Another way in which waterjet and abrasive waterjet cutting are starting to move away from the traditional two-dimensional applications is in the forming of blind holes. It is well known that the two cutting processes are capable of starting a cut away from the edge of the workpiece by first piercing through the material, but some users and researchers are starting to create blind holes by stopping the flow before the hole has penetrated to the far side of the material. Currently the challenge is to control the shape and depth of the hole, but progress is being made in this area.
For product designers, it could be argued that the most significant development in waterjet and abrasive water jet cutting in the last five years relates to improved machine productivity and, therefore, a more cost-effective process. Nevertheless, the use of five- and six-axis robots also creates new opportunities, and the pocketing functions currently being developed are likely to make waterjet and abrasive waterjet cutting even more versatile in the near future.

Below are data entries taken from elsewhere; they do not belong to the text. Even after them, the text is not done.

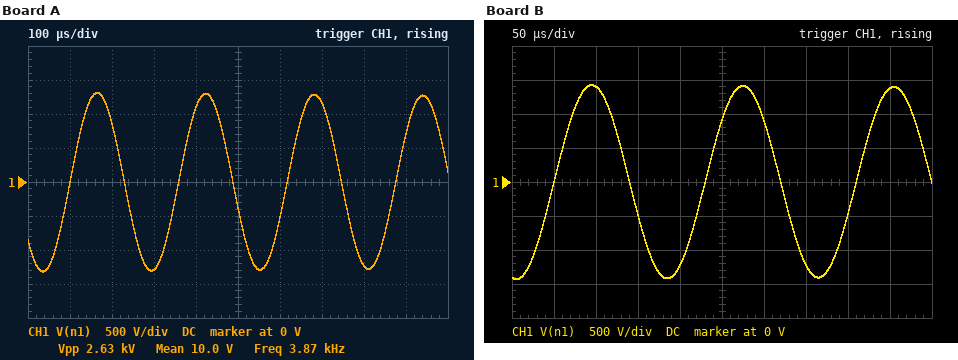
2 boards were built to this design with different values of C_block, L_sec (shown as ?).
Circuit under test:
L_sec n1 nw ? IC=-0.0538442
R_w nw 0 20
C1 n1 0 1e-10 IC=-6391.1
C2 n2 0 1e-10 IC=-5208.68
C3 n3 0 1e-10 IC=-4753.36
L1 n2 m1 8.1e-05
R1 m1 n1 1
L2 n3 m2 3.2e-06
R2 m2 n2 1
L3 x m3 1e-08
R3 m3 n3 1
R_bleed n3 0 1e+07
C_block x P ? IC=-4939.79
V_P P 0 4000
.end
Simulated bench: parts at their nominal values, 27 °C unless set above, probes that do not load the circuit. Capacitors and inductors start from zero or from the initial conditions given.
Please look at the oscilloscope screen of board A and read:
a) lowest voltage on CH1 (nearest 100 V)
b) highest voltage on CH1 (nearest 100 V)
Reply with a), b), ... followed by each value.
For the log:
a) -1.3 kV
b) 1.3 kV
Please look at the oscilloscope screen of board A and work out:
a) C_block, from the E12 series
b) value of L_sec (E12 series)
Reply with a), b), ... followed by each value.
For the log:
a) 3.3 nF
b) 470 mH
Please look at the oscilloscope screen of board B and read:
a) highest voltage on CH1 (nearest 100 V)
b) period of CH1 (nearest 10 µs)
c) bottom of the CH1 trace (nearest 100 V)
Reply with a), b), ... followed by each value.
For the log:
a) 1.4 kV
b) 180 µs
c) -1.4 kV
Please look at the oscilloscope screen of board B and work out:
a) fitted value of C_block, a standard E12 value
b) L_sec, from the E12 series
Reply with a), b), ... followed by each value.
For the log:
a) 1.8 nF
b) 390 mH
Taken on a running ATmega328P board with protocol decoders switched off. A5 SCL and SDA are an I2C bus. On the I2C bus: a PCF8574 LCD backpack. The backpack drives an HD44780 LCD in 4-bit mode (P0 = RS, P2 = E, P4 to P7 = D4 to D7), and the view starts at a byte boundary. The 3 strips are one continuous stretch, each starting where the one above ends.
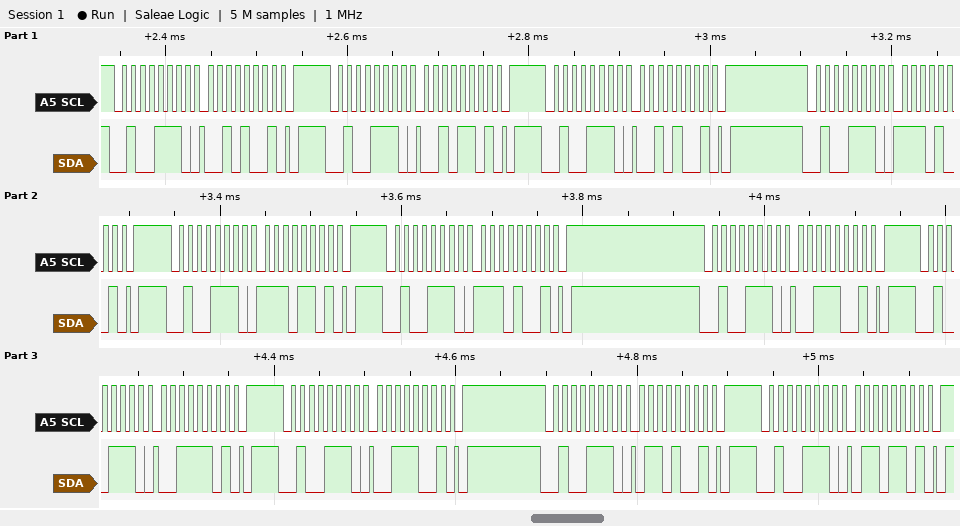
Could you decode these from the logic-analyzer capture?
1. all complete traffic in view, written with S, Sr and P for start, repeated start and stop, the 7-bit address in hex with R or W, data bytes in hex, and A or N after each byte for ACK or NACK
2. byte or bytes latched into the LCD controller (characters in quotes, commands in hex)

S 27W A 29 A P S 27W A 2D A P S 27W A 29 A P S 27W A E9 A P S 27W A ED A P S 27W A E9 A P S 27W A 39 A P S 27W A 3D A P S 27W A 39 A P S 27W A 69 A P S 27W A 6D A P
'.'
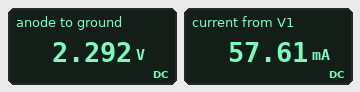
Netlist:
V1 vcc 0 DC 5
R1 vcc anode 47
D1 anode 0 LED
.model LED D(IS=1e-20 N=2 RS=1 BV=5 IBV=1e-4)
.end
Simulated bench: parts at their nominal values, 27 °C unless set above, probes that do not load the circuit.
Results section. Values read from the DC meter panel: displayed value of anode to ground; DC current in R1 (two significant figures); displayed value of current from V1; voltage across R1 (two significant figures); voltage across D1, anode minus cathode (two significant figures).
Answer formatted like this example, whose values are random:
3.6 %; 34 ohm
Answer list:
2.292 V; 58 mA; 57.61 mA; 2.7 V; 2.3 V
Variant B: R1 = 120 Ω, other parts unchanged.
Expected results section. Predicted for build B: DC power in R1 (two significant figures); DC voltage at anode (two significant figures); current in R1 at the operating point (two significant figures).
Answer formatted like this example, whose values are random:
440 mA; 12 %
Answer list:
65 mW; 2.2 V; 23 mA
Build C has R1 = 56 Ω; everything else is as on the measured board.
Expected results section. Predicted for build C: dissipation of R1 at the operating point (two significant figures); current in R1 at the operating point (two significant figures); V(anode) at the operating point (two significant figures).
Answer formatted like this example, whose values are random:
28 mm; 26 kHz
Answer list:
130 mW; 49 mA; 2.3 V
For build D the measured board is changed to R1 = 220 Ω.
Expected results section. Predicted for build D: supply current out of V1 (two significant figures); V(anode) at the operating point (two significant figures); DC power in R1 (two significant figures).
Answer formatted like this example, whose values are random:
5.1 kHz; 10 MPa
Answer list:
13 mA; 2.2 V; 36 mW
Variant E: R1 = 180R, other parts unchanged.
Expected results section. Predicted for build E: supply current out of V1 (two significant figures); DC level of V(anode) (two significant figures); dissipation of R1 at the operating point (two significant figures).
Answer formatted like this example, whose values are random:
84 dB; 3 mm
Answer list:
16 mA; 2.2 V; 44 mW

Aerospace technology solves Easter egg problem
After developing an innovative spraying technology for decorating chocolate Easter eggs, Thorntons realised it did not have a reliable way to cut spraying masks from 1.5 mm thick polycarbonate, as most cutting technologies either melted or damaged the material. The company therefore approached the UK's Nottingham University.
Twelve months previously experts in the university's School of Mechanical, Materials and Manufacturing Engineering had joined forces with Rolls Royce, the East Midlands Development Agency and the Midlands Aerospace Alliance to establish what was believed to be Europe's first waterjet machining technology centre. The €1.4 million (£1.1 million) centre houses equipment including a six-axis computer-controlled waterjet machine. One of the most advanced of its type in the world, the machine can carve cavities and cut almost anything.
Philip Shipway, Professor of Engineering Materials, said: "The attributes of waterjet technology make it the method of choice in certain circumstances, particularly when heat and high forces need to be avoided. When we were approached by Thorntons, we could see immediately that we had a technology that fitted the bill. That is not to say there were not challenges to be overcome, but a combination of ingenuity and hard work by all involved has enabled us to deliver a first-class solution. Thorntons benefits, and we have developed our know-how; everyone wins."
David Brealey, a chocolatier at Thorntons, added: “We have been working with a spraying company on developing a machine that will allow us to spray chocolate as a decoration; the difficulty we experienced was when we tried to make stencils for our Easter eggs. Trying to cut 1.5 mm polycarbonate over the curvature of an Easter egg was causing the development team a real headache. We had tried pretty much every method of cutting available and found water jet cutting to be the most successful. The problem was getting the cut to follow the curve of the egg. Luckily for us our local university had this state-of-the-art six-axis cutter and initial trials proved very successful. Without the technology and support of the university, the potential of the spraying system would have been very limited.”